Roberto Rispoli

Roberto Rispoli

Roberto Rispoli

Executive chief of the Mavrommatis group, chief and owner of the restaurant Mulino Mule

France, Paris


  • 1* Mishelin


«The revival of the «forgotten grains». How to bake bread, which to taste Alain Ducasse?»

Roberto Rispoli is the creator of the first Italian Michelin restaurant in Paris.

Born in Pompeii not far from coastal Naples, Italian chef sharpened his skills under the tutelage of La Trattoria Toscana of Alain Ducasse in Milan before heading Il Carpaccio in 2010.

The Chef started to work on the kitchen at the age of 15. His first job was in a family fish restaurant near Naples.

Italian cuisine is more family and home-style cooking oriented.

It was important for Roberto to move to France.
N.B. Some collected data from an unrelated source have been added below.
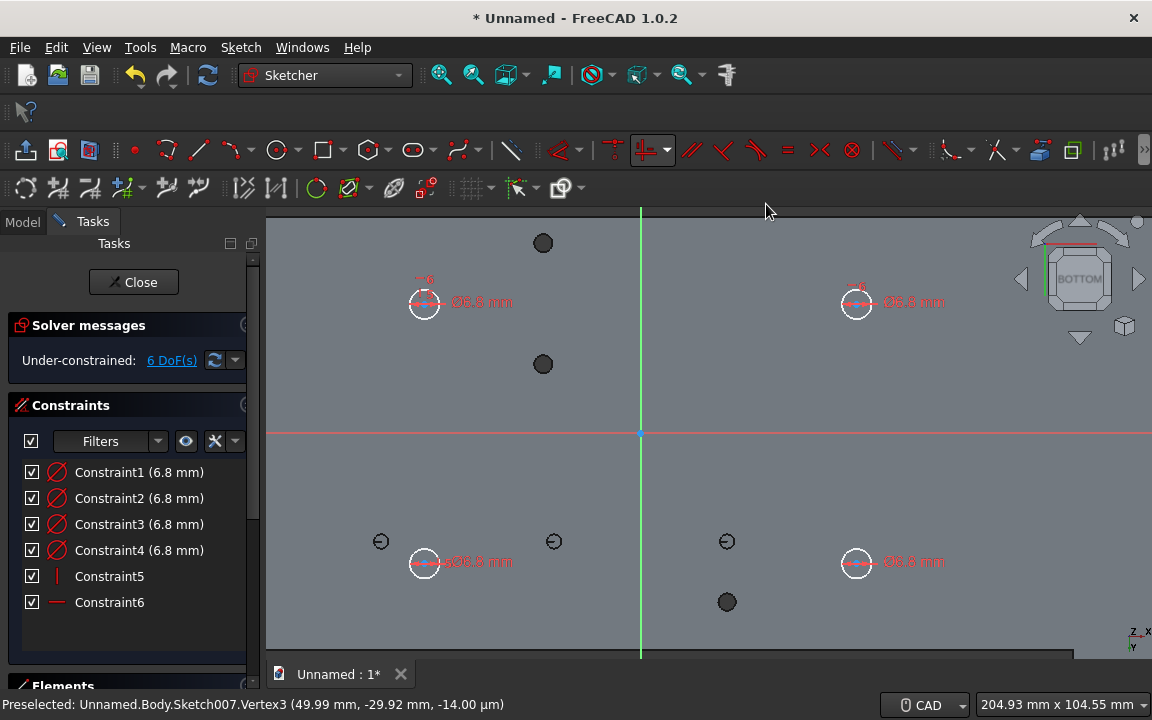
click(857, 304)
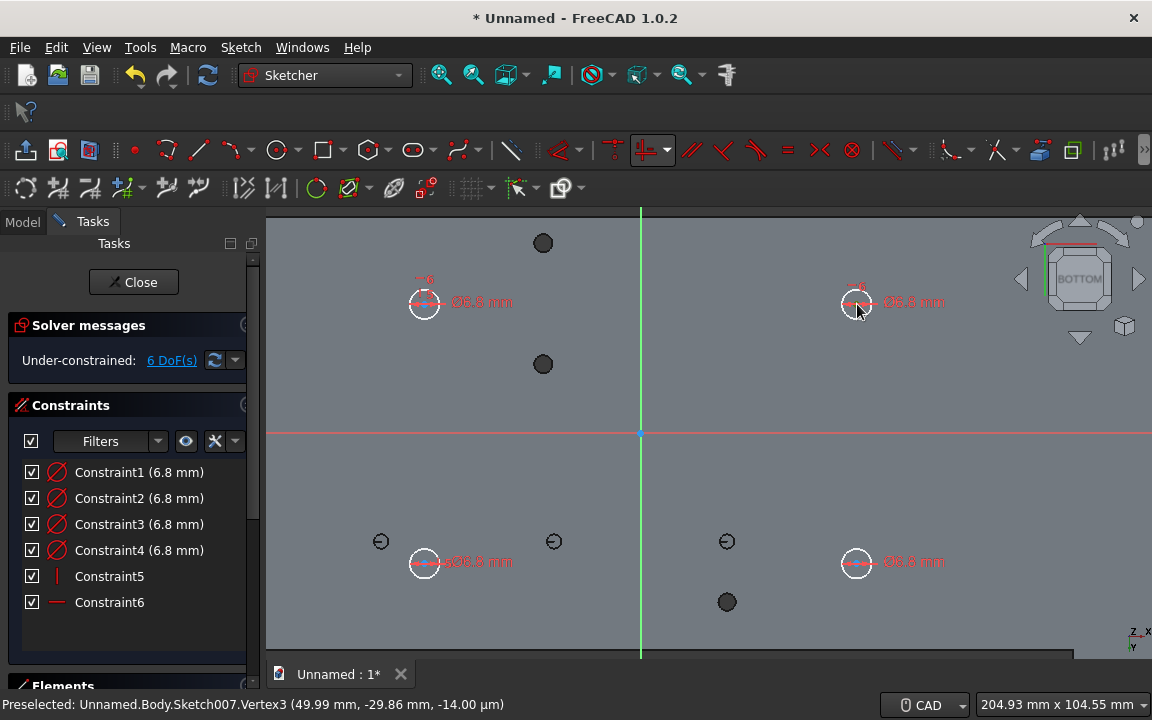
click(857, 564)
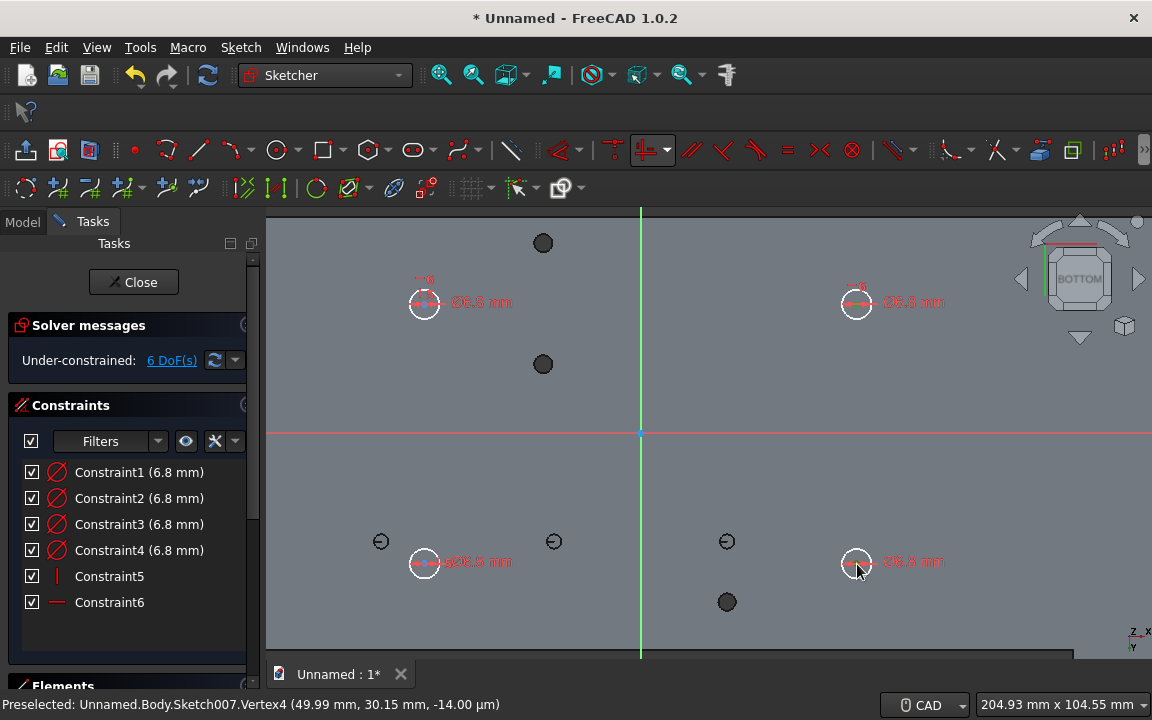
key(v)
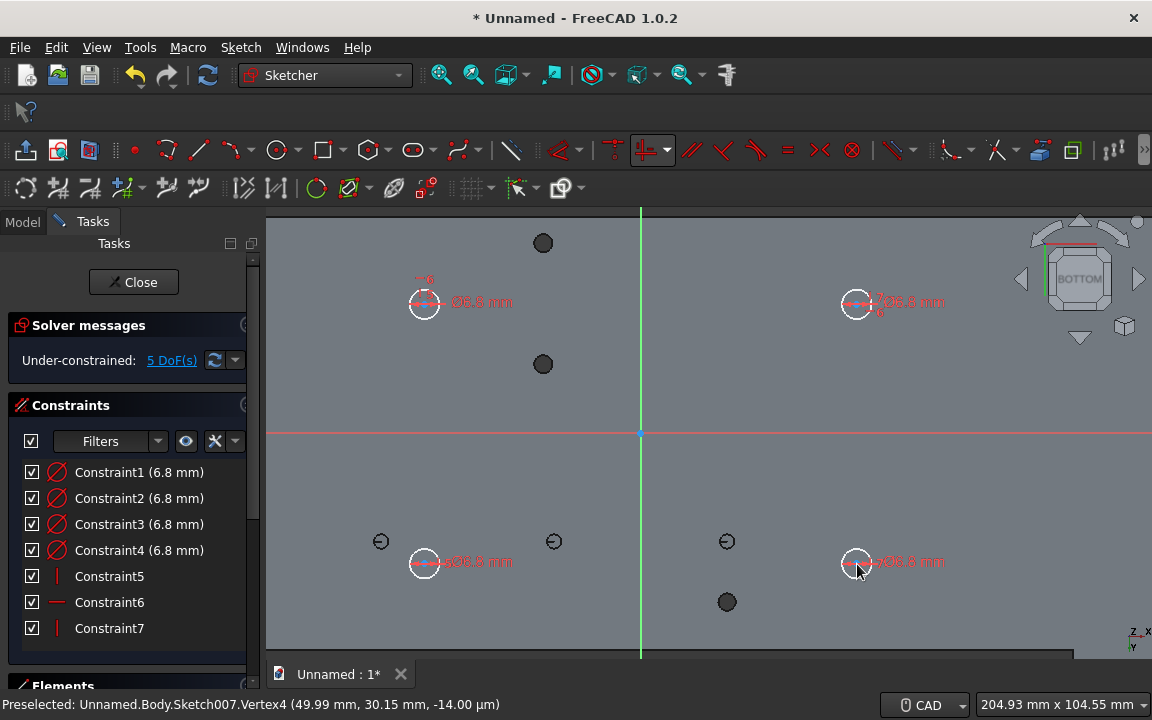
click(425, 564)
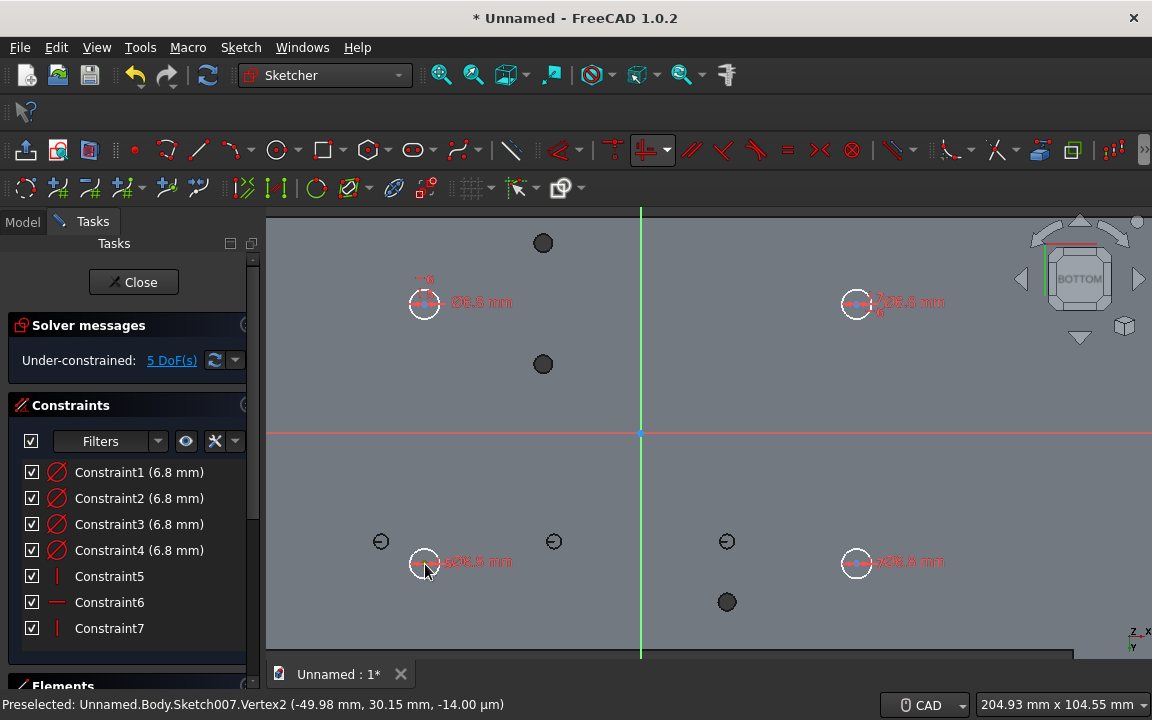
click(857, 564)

He wanted to go to Paris, because it is a city of gastronomy, and spent his time to see and learn new techniques in Paris, and then adapt these methods to his own kitchen. In Rispoli's menu there are several dishes that are 100 percent traditional Italian dishes from Naples, but there are also dishes with a French accent.

Three products that Roberto likes to work with:

  • Pasta as the most traditional product of Italian cuisine;
  • Tomatoes as a universal product, especially for people who lead a healthy lifestyle;
  • Anchovy water. It is made by placing anchovies that are not good enough to be served, under the press and squeezing out liquid from them. This liquid is salty, it conveys a unique Italian flavor.

The chef also opened his own business: a place where, by obtaining rare, forgotten varieties of Sicilian wheat, cooks by grinding grain with stone, produce whole-grain biological flour of different varieties, fresh pasta is made from it and offers ideas for the realization of products from it (bread, dishes). And all this in the very heart of Paris!